### GOAL OF THE EXERCISE
Find the lines holding the string "Crash" in the data, then copy all of them.

________________________________________

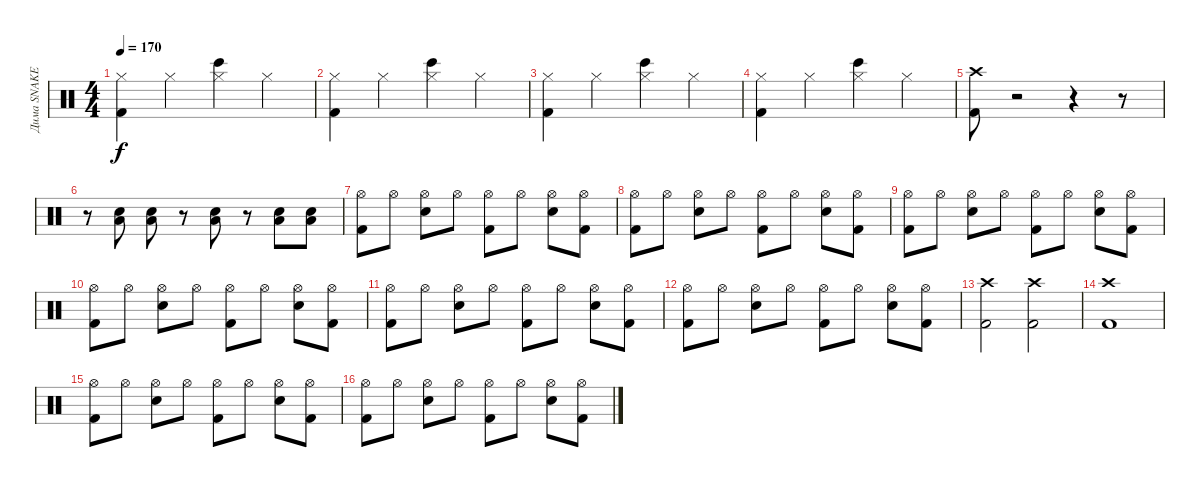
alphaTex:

\track ("Дима SNAKE" "Дима SNAKE") {instrument percussion}
\staff {score}
\articulation defaults
\ts (4 4)
\tempo 170
\clef neutral
\ks c
("Hi-Hat (closed)" "Kick (hit) 2").4{dy f} "Hi-Hat (closed)".4 ("Hi-Hat (closed)" "Bongo High (hit)").4 "Hi-Hat (closed)".4 |
("Hi-Hat (closed)" "Kick (hit) 2").4 "Hi-Hat (closed)".4 ("Hi-Hat (closed)" "Bongo High (hit)").4 "Hi-Hat (closed)".4 |
("Hi-Hat (closed)" "Kick (hit) 2").4 "Hi-Hat (closed)".4 ("Hi-Hat (closed)" "Bongo High (hit)").4 "Hi-Hat (closed)".4 |
("Hi-Hat (closed)" "Kick (hit) 2").4 "Hi-Hat (closed)".4 ("Hi-Hat (closed)" "Bongo High (hit)").4 "Hi-Hat (closed)".4 |
("Crash high (hit)" "Kick (hit) 2").8 r.2 r.4 r.8 |
r.8 ("Low Tom (hit)" "Snare (hit) 2").8 ("Low Tom (hit)" "Snare (hit) 2").8 r.8 ("Low Tom (hit)" "Snare (hit) 2").8 r.8 ("Low Tom (hit)" "Snare (hit) 2").8 ("Low Tom (hit)" "Snare (hit) 2").8 |
("Hi-Hat (open)" "Kick (hit) 2").8 "Hi-Hat (open)".8 ("Hi-Hat (open)" "Snare (hit) 2").8 "Hi-Hat (open)".8 ("Hi-Hat (open)" "Kick (hit) 2").8 "Hi-Hat (open)".8 ("Hi-Hat (open)" "Snare (hit) 2").8 ("Hi-Hat (open)" "Kick (hit) 2").8 |
("Hi-Hat (open)" "Kick (hit) 2").8 "Hi-Hat (open)".8 ("Hi-Hat (open)" "Snare (hit) 2").8 "Hi-Hat (open)".8 ("Hi-Hat (open)" "Kick (hit) 2").8 "Hi-Hat (open)".8 ("Hi-Hat (open)" "Snare (hit) 2").8 ("Hi-Hat (open)" "Kick (hit) 2").8 |
("Hi-Hat (open)" "Kick (hit) 2").8 "Hi-Hat (open)".8 ("Hi-Hat (open)" "Snare (hit) 2").8 "Hi-Hat (open)".8 ("Hi-Hat (open)" "Kick (hit) 2").8 "Hi-Hat (open)".8 ("Hi-Hat (open)" "Snare (hit) 2").8 ("Hi-Hat (open)" "Kick (hit) 2").8 |
("Hi-Hat (open)" "Kick (hit) 2").8 "Hi-Hat (open)".8 ("Hi-Hat (open)" "Snare (hit) 2").8 "Hi-Hat (open)".8 ("Hi-Hat (open)" "Kick (hit) 2").8 "Hi-Hat (open)".8 ("Hi-Hat (open)" "Snare (hit) 2").8 ("Hi-Hat (open)" "Kick (hit) 2").8 |
("Hi-Hat (open)" "Kick (hit) 2").8 "Hi-Hat (open)".8 ("Hi-Hat (open)" "Snare (hit) 2").8 "Hi-Hat (open)".8 ("Hi-Hat (open)" "Kick (hit) 2").8 "Hi-Hat (open)".8 ("Hi-Hat (open)" "Snare (hit) 2").8 ("Hi-Hat (open)" "Kick (hit) 2").8 |
("Hi-Hat (open)" "Kick (hit) 2").8 "Hi-Hat (open)".8 ("Hi-Hat (open)" "Snare (hit) 2").8 "Hi-Hat (open)".8 ("Hi-Hat (open)" "Kick (hit) 2").8 "Hi-Hat (open)".8 ("Hi-Hat (open)" "Snare (hit) 2").8 ("Hi-Hat (open)" "Kick (hit) 2").8 |
("Crash high (hit)" "Kick (hit) 2").2 ("Crash high (hit)" "Kick (hit) 2").2 |
("Crash high (hit)" "Kick (hit) 2").1 |
("Hi-Hat (open)" "Kick (hit) 2").8 "Hi-Hat (open)".8 ("Hi-Hat (open)" "Snare (hit) 2").8 "Hi-Hat (open)".8 ("Hi-Hat (open)" "Kick (hit) 2").8 "Hi-Hat (open)".8 ("Hi-Hat (open)" "Snare (hit) 2").8 ("Hi-Hat (open)" "Kick (hit) 2").8 |
("Hi-Hat (open)" "Kick (hit) 2").8 "Hi-Hat (open)".8 ("Hi-Hat (open)" "Snare (hit) 2").8 "Hi-Hat (open)".8 ("Hi-Hat (open)" "Kick (hit) 2").8 "Hi-Hat (open)".8 ("Hi-Hat (open)" "Snare (hit) 2").8 ("Hi-Hat (open)" "Kick (hit) 2").8

________________________________________

### REPLY TO THE EXERCISE
("Crash high (hit)" "Kick (hit) 2").8 r.2 r.4 r.8 |
("Crash high (hit)" "Kick (hit) 2").2 ("Crash high (hit)" "Kick (hit) 2").2 |
("Crash high (hit)" "Kick (hit) 2").1 |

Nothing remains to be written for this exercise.